Conservationists’ prayers to save a religious-themed garden in Coral Gables went unanswered, paving the way for the garden, adjacent church and a school to be leveled and replaced with a 10-story luxury apartment building.
The Coral Gables Historic Preservation Board voted 6-2 Wednesday to reject the Garden of Our Lord at 110 Phoenetia Ave. to be considered historical. The history of the garden dates back to 1951 after it was commissioned by St James Evangelical Lutheran Church. It is the product of architect Robert F. Smith, the same mastermind behind some of the buildings at the Fairchild Tropical Botanic Garden and the Doc Thomas House, a relic of old Florida and home of Indiana transplants, and the South Miami pioneer and pharmacist, Arden Hayes “Doc” Thomas, who ran a drugstore in the Gables in the 1920s.
According to the garden’s history, many of its trees and shrubs were grown from seeds Hazel Westby brought from the Garden of Gethsemane in Jerusalem in the early 1950s. At the time, Westby was a professor at the University of Miami and living in Coral Gables. Westby is said to have been on leave from university to teach at the American University in Beirut when she acquired the seed. Based on the seeds she brought home, many of the trees in the garden now date back over 2,000 years to the time of Jesus’ crucifixion.
The church was considered for historical designation in July 2021, but did not meet the required criteria, according to the City Preservation Office.

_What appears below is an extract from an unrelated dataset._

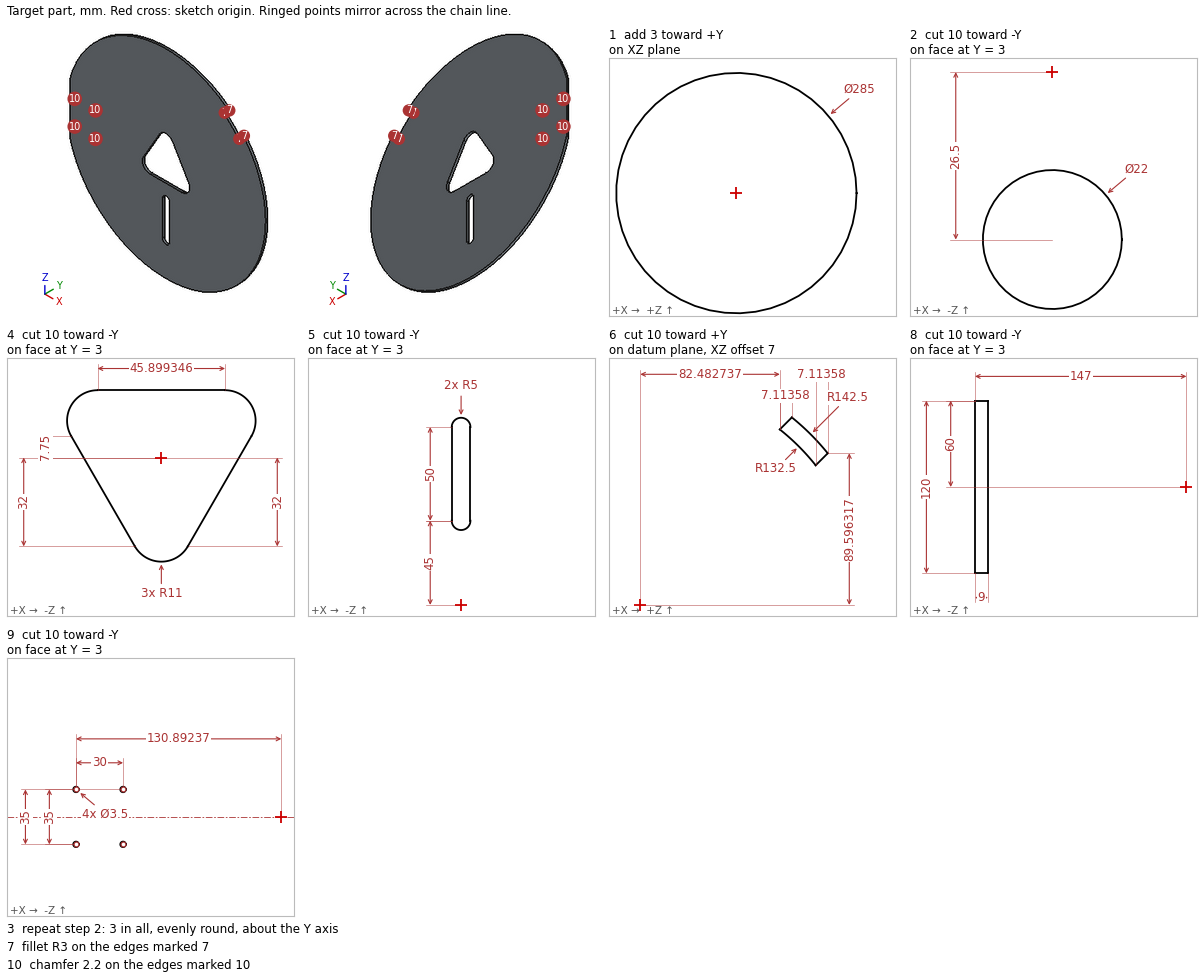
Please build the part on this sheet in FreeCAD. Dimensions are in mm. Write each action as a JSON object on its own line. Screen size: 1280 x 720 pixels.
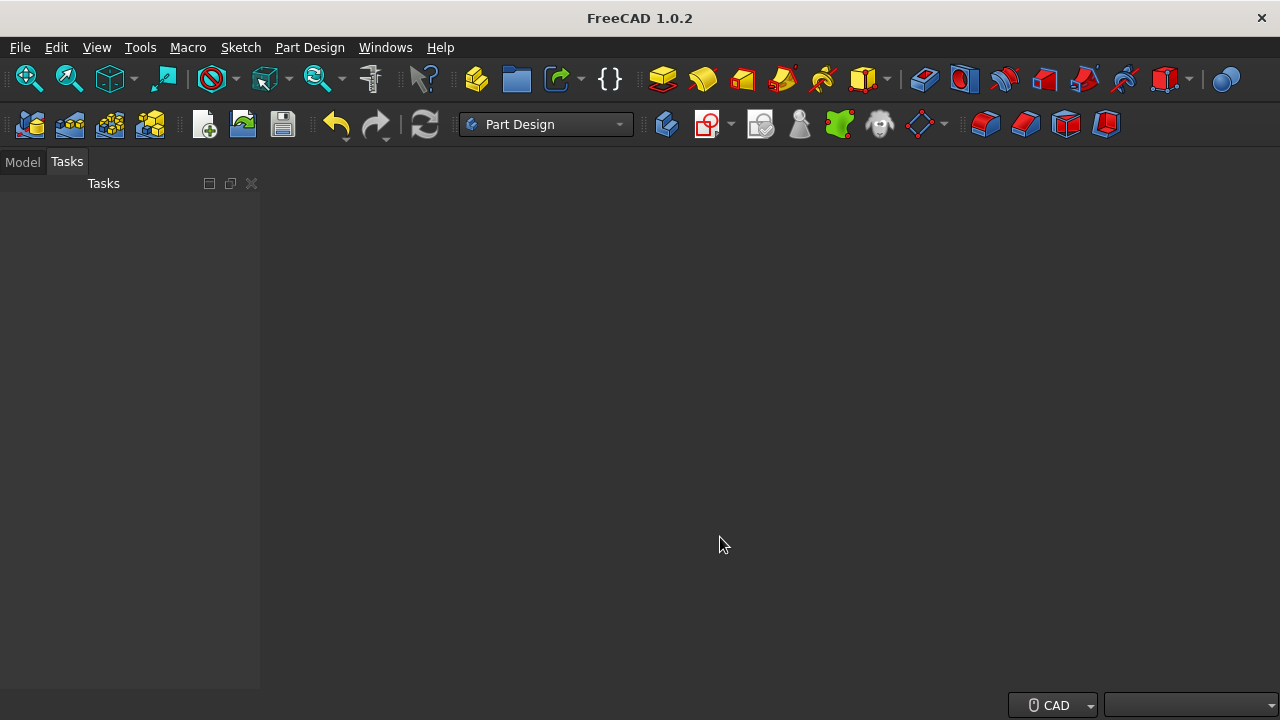
{"action": "key", "text": "ctrl+n"}

Century Homebuilders then stepped in and bought the property from the church in November 2021 for $9.8 million. The developer submitted a comprehensive plan map and site plan in January 2022.
“When we designate, we need to designate everything within this property,” said Michael Maxwell, a member of the Historic Preservation Committee, noting that the buildings do not meet historic designation criteria.
Century, a Coral Gables development company, told city officials early last year that it was renovating the 1.5-acre property that includes the garden, the now-closed St. James’ Church and the Crystal Academy behavioral therapy school for children with autism. redesign wants to build 200 apartments there. The site is just steps away from the Coral Gables Woman’s Club.
The developer has apparently promised Crystal Academy some space on the property, according to the company’s website and comments made by people connected to the school during Wednesday’s historic review board meeting.
The proposed residential development on Phoenetia Avenue will align the site with the original vision of Coral Gables founder George Merrick, a factor that prompted some members of the Historical Preservation Committee to vote against preserving the site, which includes the garden, church and school. Original plans for the city stated that Merrick intended this block of Phenetia to be residential rather than a park.
A Miami Herald reporter was unable to reach a Century Homebuilders representative Thursday to provide a timeline for construction and completion of the apartment building, among other things.
Coral Gables resident Bonnie Bolton, daughter of the late feminist and civil rights activist Roxcy Bolton, petitioned the board in December to keep the garden, or 20% of the property. Bolton claimed during Wednesday’s meeting that the garden should be preserved for a number of reasons, including the fact that it was designed by Smith. She and other residents who prefer historical designation wanted to preserve the garden because it is “sacred space” and have the developer build around that part of the property.
“Our Lord’s Garden exceeds the city’s criteria for historic designation, culture and history. We applied under nine different criteria when only one is necessary,” Bolton told board members on Wednesday.
Several board members urged the developer and preservationists to continue discussions and explore whether statues and plaques commemorating veterans can be salvaged from the garden.